__WHAT YOU SHOULD DO__: Write down exactly the line where "Step 4: click (477, 119)" occurs and every line that follows it through the end of the material below; include nothing else.

__INPUT MATERIAL__:
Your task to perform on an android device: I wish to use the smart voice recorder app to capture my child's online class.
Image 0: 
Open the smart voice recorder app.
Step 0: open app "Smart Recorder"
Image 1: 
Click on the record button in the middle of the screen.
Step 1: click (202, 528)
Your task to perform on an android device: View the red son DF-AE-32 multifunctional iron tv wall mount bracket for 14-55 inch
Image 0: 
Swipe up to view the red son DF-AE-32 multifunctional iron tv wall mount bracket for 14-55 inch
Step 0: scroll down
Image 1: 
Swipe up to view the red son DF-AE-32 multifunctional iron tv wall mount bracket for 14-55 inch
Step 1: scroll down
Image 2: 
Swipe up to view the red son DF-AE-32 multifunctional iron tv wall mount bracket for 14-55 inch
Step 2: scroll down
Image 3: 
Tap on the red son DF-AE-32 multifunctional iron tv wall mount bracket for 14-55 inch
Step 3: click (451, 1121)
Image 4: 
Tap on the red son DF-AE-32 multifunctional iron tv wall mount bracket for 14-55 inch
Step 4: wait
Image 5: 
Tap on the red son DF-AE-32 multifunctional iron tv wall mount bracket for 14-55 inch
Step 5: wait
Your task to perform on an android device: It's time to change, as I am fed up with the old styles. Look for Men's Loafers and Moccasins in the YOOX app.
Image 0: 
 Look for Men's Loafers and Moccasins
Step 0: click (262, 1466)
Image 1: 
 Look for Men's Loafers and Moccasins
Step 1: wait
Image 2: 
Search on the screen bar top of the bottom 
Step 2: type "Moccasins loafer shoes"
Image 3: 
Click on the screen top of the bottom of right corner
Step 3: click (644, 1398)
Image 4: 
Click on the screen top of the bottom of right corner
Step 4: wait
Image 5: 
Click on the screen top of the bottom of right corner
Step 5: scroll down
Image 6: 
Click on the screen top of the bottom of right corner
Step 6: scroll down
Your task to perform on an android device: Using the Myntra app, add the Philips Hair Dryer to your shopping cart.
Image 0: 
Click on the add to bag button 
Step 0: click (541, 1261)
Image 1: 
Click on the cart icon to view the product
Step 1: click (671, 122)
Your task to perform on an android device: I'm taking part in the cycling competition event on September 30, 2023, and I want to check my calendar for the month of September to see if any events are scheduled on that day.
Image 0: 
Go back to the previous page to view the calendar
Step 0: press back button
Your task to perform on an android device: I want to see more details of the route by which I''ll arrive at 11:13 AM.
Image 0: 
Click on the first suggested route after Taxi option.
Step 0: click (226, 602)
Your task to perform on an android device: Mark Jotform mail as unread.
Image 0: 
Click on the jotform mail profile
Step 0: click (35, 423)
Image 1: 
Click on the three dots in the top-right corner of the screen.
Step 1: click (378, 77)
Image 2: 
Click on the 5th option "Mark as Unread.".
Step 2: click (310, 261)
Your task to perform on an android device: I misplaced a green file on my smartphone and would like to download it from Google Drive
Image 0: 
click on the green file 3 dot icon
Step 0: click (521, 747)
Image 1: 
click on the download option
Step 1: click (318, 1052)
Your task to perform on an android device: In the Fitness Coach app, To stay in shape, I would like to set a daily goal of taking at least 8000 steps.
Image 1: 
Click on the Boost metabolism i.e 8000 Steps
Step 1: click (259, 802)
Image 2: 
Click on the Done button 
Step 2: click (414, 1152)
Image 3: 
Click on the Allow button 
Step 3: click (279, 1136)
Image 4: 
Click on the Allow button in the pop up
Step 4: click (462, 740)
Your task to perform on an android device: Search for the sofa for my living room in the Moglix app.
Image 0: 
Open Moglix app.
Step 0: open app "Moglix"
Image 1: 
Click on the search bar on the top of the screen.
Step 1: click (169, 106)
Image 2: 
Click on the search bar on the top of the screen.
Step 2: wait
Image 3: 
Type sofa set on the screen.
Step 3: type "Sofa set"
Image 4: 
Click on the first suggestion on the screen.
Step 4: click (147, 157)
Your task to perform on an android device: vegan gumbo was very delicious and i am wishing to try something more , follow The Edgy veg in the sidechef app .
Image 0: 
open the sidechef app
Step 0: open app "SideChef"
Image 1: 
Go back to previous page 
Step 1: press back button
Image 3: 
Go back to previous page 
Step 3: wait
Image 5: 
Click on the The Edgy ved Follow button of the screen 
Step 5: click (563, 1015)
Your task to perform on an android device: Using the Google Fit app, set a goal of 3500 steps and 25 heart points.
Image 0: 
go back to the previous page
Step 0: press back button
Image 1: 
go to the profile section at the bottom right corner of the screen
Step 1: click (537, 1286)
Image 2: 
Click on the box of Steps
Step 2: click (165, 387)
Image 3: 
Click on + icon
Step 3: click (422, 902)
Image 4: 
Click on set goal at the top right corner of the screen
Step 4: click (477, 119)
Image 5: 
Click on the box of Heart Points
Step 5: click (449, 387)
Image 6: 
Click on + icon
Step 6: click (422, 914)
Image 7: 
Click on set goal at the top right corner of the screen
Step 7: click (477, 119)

__ANSWER SPACE__:
Step 4: click (477, 119)
Image 5: 
Click on the box of Heart Points
Step 5: click (449, 387)
Image 6: 
Click on + icon
Step 6: click (422, 914)
Image 7: 
Click on set goal at the top right corner of the screen
Step 7: click (477, 119)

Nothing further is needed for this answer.